After meeting with Derek to explain, he suggested using linear gene fragments instead of clonal, so I re-did the Twist ordering bit to generate prices and optimized fragment GenBank files. I elected to leave the adaptors on because I assume those will give long enough arms, but I’m not really sure. Derek said he’d check with Ronan.
Experimental design
I checked that Millipore Sigma does in fact carry my substrate, I think. The substrate being the PHB monomer: 3-hydroxy-butyryl-CoA. However, it’s very expensive, so I’ll see about also ordering the DNA and cheaper substrates for the 5-enzyme biosynthetic pathway with CoA recycling that was in one of the papers I found (Ref3).

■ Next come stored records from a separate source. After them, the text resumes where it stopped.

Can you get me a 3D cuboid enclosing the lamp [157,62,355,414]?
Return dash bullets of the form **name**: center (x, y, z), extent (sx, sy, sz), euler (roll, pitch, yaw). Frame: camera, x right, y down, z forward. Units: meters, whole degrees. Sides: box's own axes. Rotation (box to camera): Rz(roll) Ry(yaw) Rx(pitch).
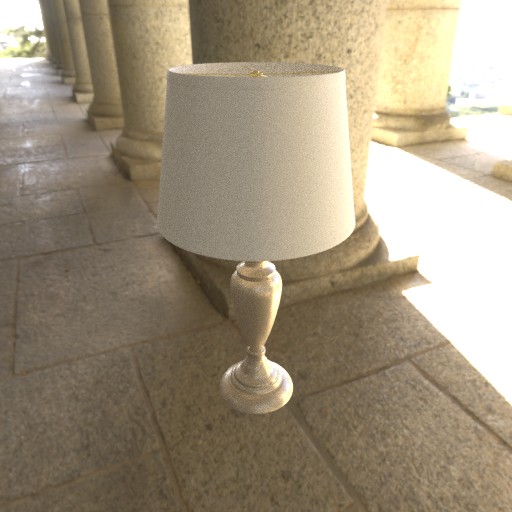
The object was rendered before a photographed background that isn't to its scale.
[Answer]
- **lamp**: center (0.000, 0.000, 0.783), extent (0.328, 0.612, 0.328), euler (0, 27, 0)
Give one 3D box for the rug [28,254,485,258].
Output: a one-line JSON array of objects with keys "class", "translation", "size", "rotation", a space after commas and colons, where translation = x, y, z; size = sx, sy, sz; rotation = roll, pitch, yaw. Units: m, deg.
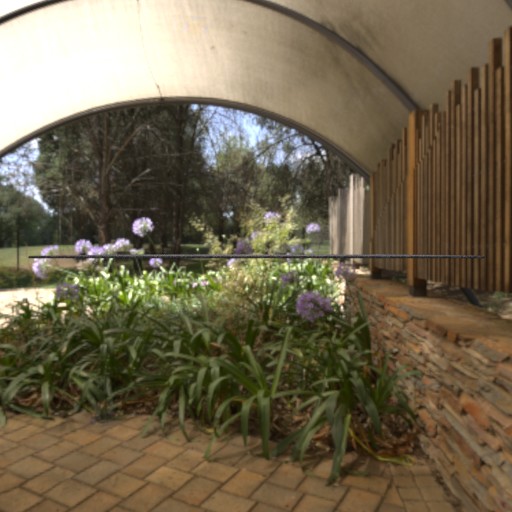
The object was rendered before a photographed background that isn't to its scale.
[{"class": "rug", "translation": [0.000, 0.000, 2.257], "size": [1.754, 0.010, 1.139], "rotation": [0, 0, 0]}]
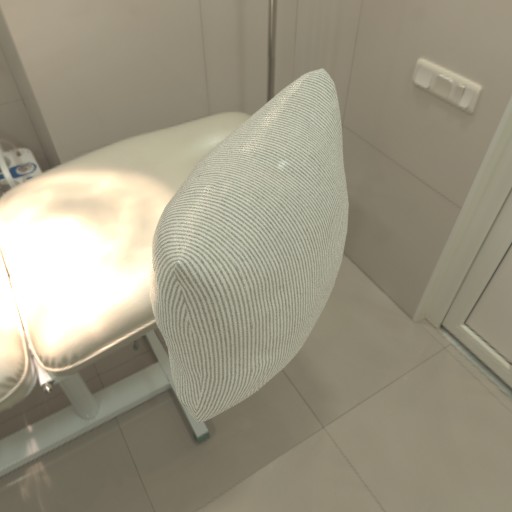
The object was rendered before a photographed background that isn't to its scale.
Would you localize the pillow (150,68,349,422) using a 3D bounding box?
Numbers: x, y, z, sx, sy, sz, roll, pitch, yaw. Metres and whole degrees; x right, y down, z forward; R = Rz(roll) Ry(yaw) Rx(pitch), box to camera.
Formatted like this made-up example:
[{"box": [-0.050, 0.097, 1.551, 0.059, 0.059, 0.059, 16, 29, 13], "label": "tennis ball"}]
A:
[{"box": [0.000, 0.000, 0.702, 0.387, 0.432, 0.310, -24, 51, -21], "label": "pillow"}]
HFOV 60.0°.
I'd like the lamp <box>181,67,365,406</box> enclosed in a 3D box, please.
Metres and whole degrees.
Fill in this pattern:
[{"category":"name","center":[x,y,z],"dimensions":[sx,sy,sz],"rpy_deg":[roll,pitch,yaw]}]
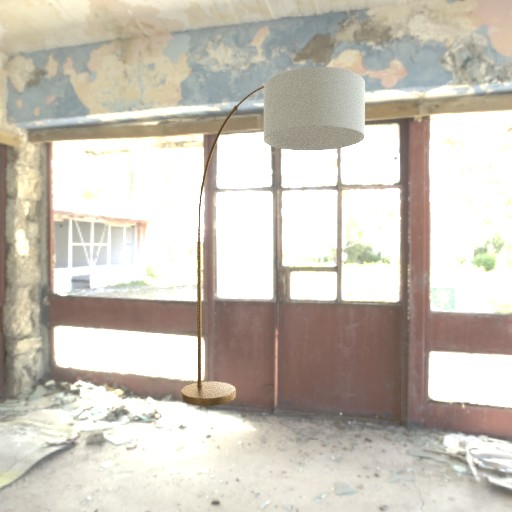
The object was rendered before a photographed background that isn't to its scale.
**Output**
[{"category":"lamp","center":[0.000,0.000,2.580],"dimensions":[0.493,1.927,1.434],"rpy_deg":[-1,1,-37]}]

After comparing the even just of all the substrates I’d still need for the full pathway, it’s cheaper just to order the original substrate (since I’d still need at least a little bit of CoA, which is still expensive on its own) then to also get a bunch of additional DNA. Derek mentioned that I need to figure out what kind of purification is needed for Waters to analyze my PHB product at the end of the reaction.
Reference
Chek, MF; Hiroe, A; Hakoshima, T; et al. PHA synthase (PhaC): interpreting the functions of bioplastic-producing enzyme from a structural perspective. 2018. Applied Microbiology and Biotechnology, 103: 1131-1141. DOI: 10.1007/s00253-018-9538-8
Schubert, MG; Tang, T-C; Goodchild-Michelman, IM; et al. Cyanobacteria newly isolated from marine volcanic seeps display rapid sinking and robust, high-density growth. 2024. ASM Applied and Environmental Microbiology, 90: e00841-24. DOI: 10.1128/aem.00841-24
Satoh, Y; Tajima, K; Tannai, H; et al. Enzyme-catalyzed poly(3-hydroxybutyrate) synthesis fro macetate with CoA recycling and NADPH regeneration in Vitro. 2003. Journal of Bioscience and Bioengineering, 95(4): 335-341. DOI: 10.1016/S1389-1723(03)80064-6
Apr 13, 2026
After Derek talked to Ronan, he suggested going back to clonal genes. I used my original PhaC_Cn construct, but then I decided to just have the point mutation for the mutant and have the rest of the sequence be identical. So I copied the PhaC_Cn-pTwist construct into a new DNA sequence in Benchling, and made the point mutation (GCA->TCA), and then verified quickly in Twist that this sequence is still simple and the same price.